For anyone who is starting or going up, you don’t need passion. Whatever your reasons for joining this/any industry, you need discipline and the determination to learn (basics and all). Read and practice a lot. Also, experiment a lot. Hacking is finding unconventional ways to make something work in a way it was not intended to. Think outside the box. The more you learn and practice, the smaller the box becomes. 🙂
John Collins — Student
I’ve been a very curious person in the tech space from a very young age. I started coding in basic languages like VBS, that I'd use to automate very simple tasks on windows. I transitioned into Cyber Security in 2020 during Covid, we had closed school and no one was certain when we’d reopen. That’s when a friend introduced me to HackTheBox and she’d take me through some of the basics, like recon with nmap, these were things that were very new to me. I could sleep very late learning new concepts and watching Ippsec’s videos and not even struggle waking up the following day because my superior level of inquisitiveness could not allow me to rest.

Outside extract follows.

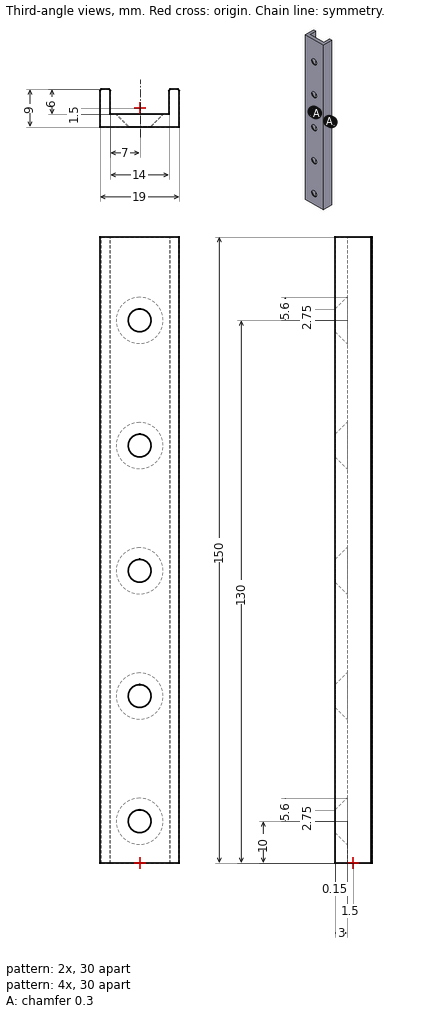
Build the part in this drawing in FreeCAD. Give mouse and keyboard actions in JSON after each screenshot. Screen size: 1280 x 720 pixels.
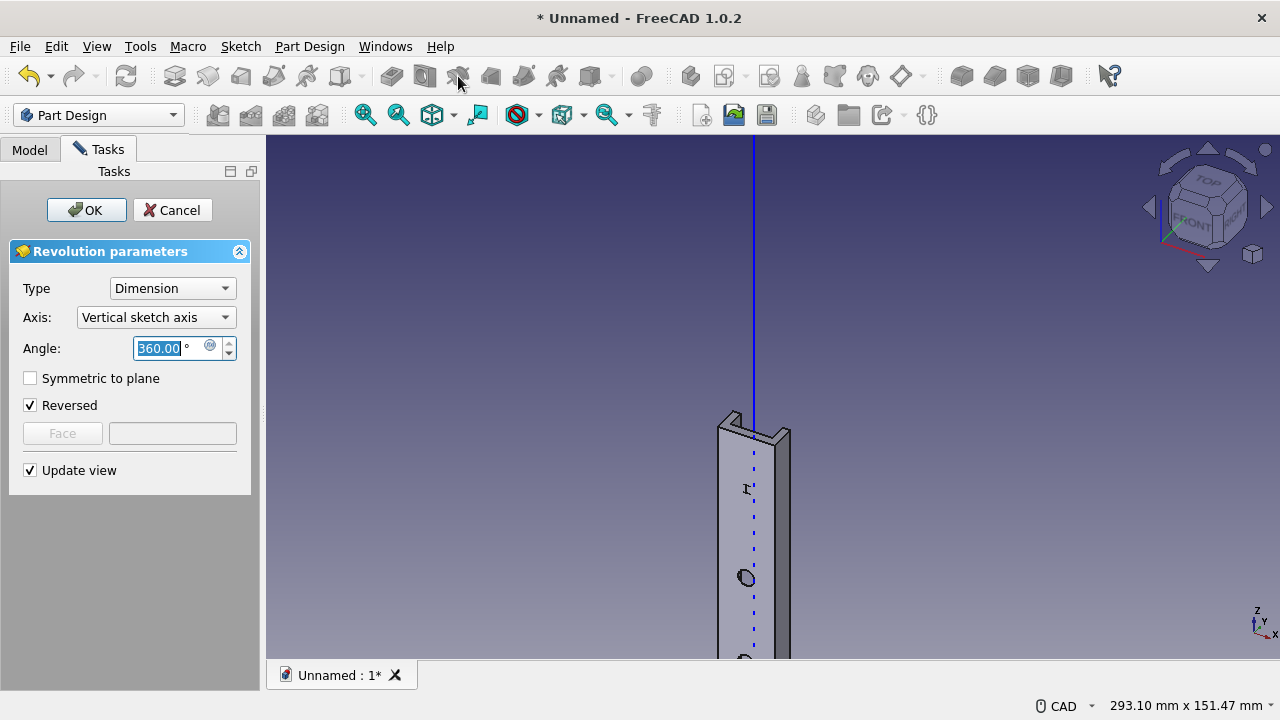
{"action": "left_click", "coordinate": [157, 318]}
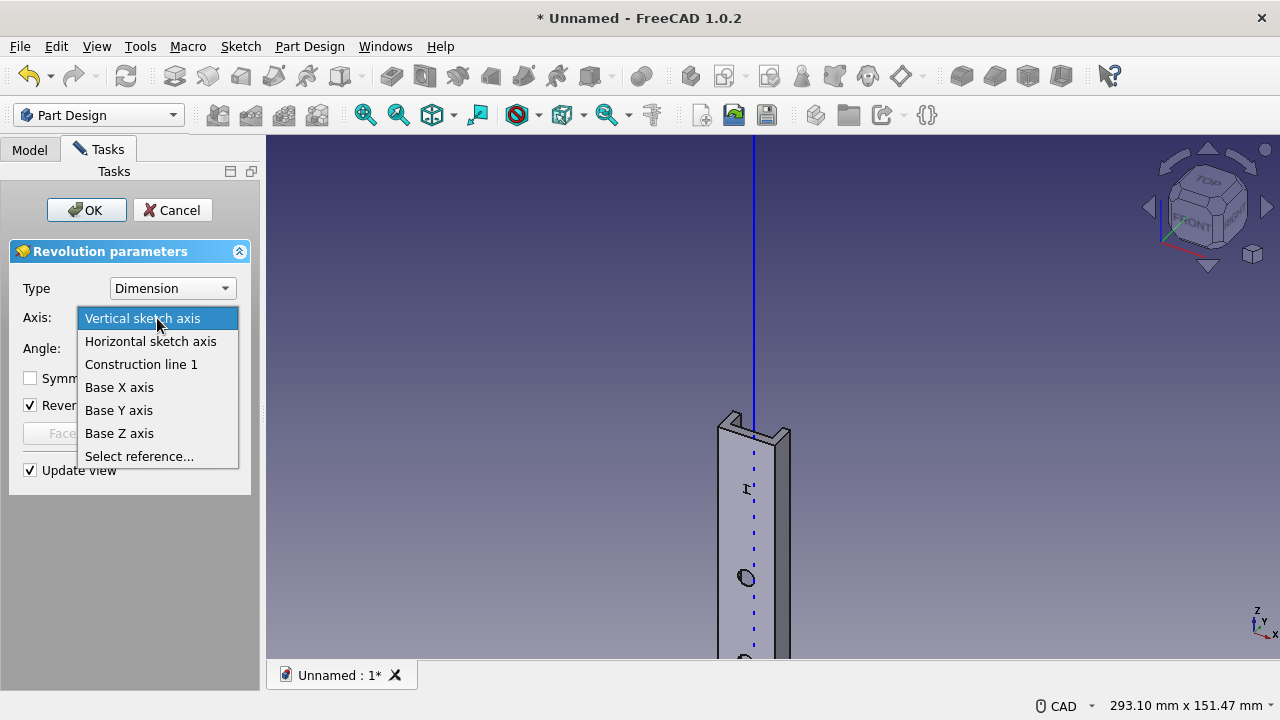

Half way through the year, I got my feet in the water in Capture The Flag competitions and this is when i joined Team fr334aks. I tried reading a couple writeups in my free time and I’d then practice on PicoCTF. In 2022, I convinced my school to let me head home and participate in the AfricaHackon CTF with my team, and got third place which was a huge achievement on my part. After high school, i did my OSCP exam and passed, being the youngest in Kenya to attain that certification. I also did eJPT and CompTIA Security+. Currently, I do pen testing for various companies and I'm loving the experience!
I was faced with a unique set of challenges here and there, but i was never a quitter. I honestly believe that anything you set your mind to is achievable. All you need to do is to unleash the beast within you. Set a goal to learn something everyday, it’ll go a long way. Also, do take breaks once in a while, they help clear your mind and refresh your body. That being said, have fun!
Boniface Kinoti — Senior Penetration Tester
“My cybersecurity journey started after completing CCNA networking and routing back in 2015, this was personal learning where I could learn how different networking worked in different environments. This knowledge provided me a role where I was able to train my course mates on networking. I later came along the CCNA security course that opened up my cybersecurity path. The following year, I enrolled to CEH class and pursued the certification ( back then it was the thing hehe). This was a gateway to more security practice and I came across CTFs such as Hackthebox that my skills.
For my cybersecurity job, I started out as a sales intern responsible for positioning cybersecurity products & solutions in the market this was a challenging path since I was mostly used and comfortable with technical stuff. However, this turned out to be the best opportunity and role in my career since I learnt the essentials of soft skills in the business world. I was later on promoted to a pre-sales engineer and later on cybersecurity engineer (Penetration tester). My current roles involves daily research on current vulnerabilities and cves, simulating them in a real world environment and finding ways to mitigate. And of course I do penetration testing for clients both on my current role and freelance as well.
Some of the challenges I experienced was limited mentorship when I started out and I didn’t know the specific path or direction to get started, back in the days there were little resources as compared to today. But I used my challenges to my strength to build a positive mentality, resilience and passion towards what I do
The best advise I would give is its very important to know the basics of how everything works, its easy to secure and also attacks a system if you understand its underlying basics and functionality. Its important to have soft skills for communication between peers and the management. Learn the balance between one’s mental health and work.
Parting shot; Reading books provide more knowledge on how to understand a system as compared to simple tutorials.”